Exercise
Report how many lines in the listing below include the string "raise", and write nothing more.

Record extracts
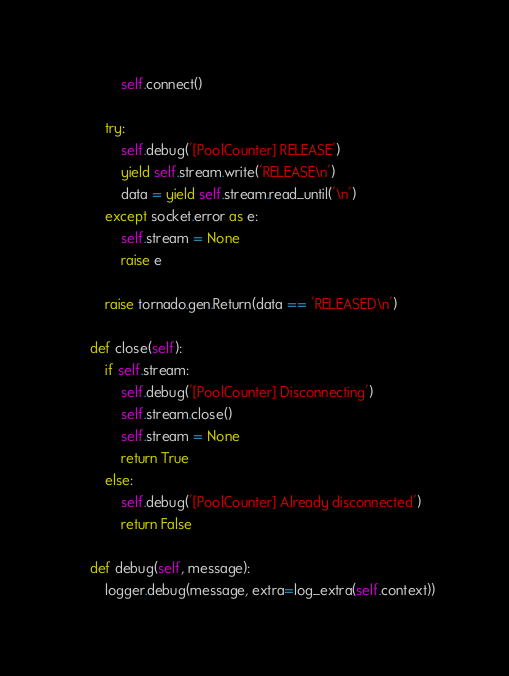<code> <loc_0><loc_0><loc_500><loc_500><_Python_>            self.connect()

        try:
            self.debug('[PoolCounter] RELEASE')
            yield self.stream.write('RELEASE\n')
            data = yield self.stream.read_until('\n')
        except socket.error as e:
            self.stream = None
            raise e

        raise tornado.gen.Return(data == 'RELEASED\n')

    def close(self):
        if self.stream:
            self.debug('[PoolCounter] Disconnecting')
            self.stream.close()
            self.stream = None
            return True
        else:
            self.debug('[PoolCounter] Already disconnected')
            return False

    def debug(self, message):
        logger.debug(message, extra=log_extra(self.context))
</code> 
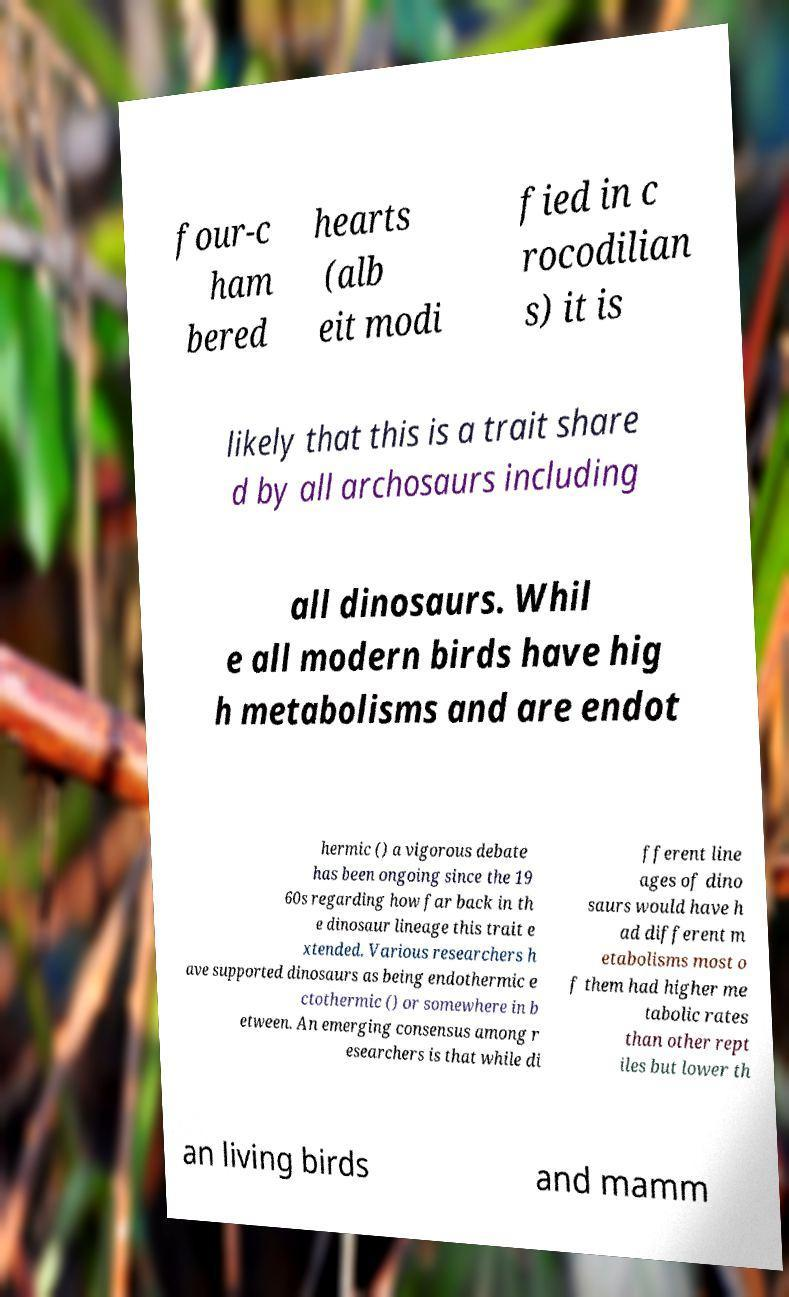I need the written content from this picture converted into text. Can you do that? four-c ham bered hearts (alb eit modi fied in c rocodilian s) it is likely that this is a trait share d by all archosaurs including all dinosaurs. Whil e all modern birds have hig h metabolisms and are endot hermic () a vigorous debate has been ongoing since the 19 60s regarding how far back in th e dinosaur lineage this trait e xtended. Various researchers h ave supported dinosaurs as being endothermic e ctothermic () or somewhere in b etween. An emerging consensus among r esearchers is that while di fferent line ages of dino saurs would have h ad different m etabolisms most o f them had higher me tabolic rates than other rept iles but lower th an living birds and mamm 
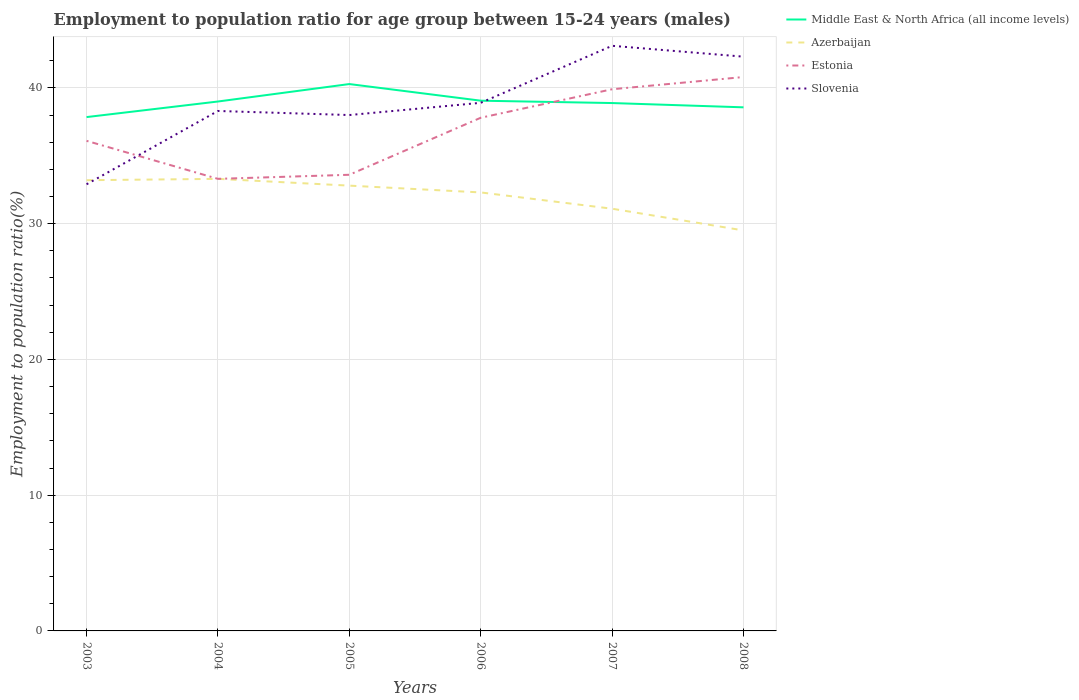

Your response
2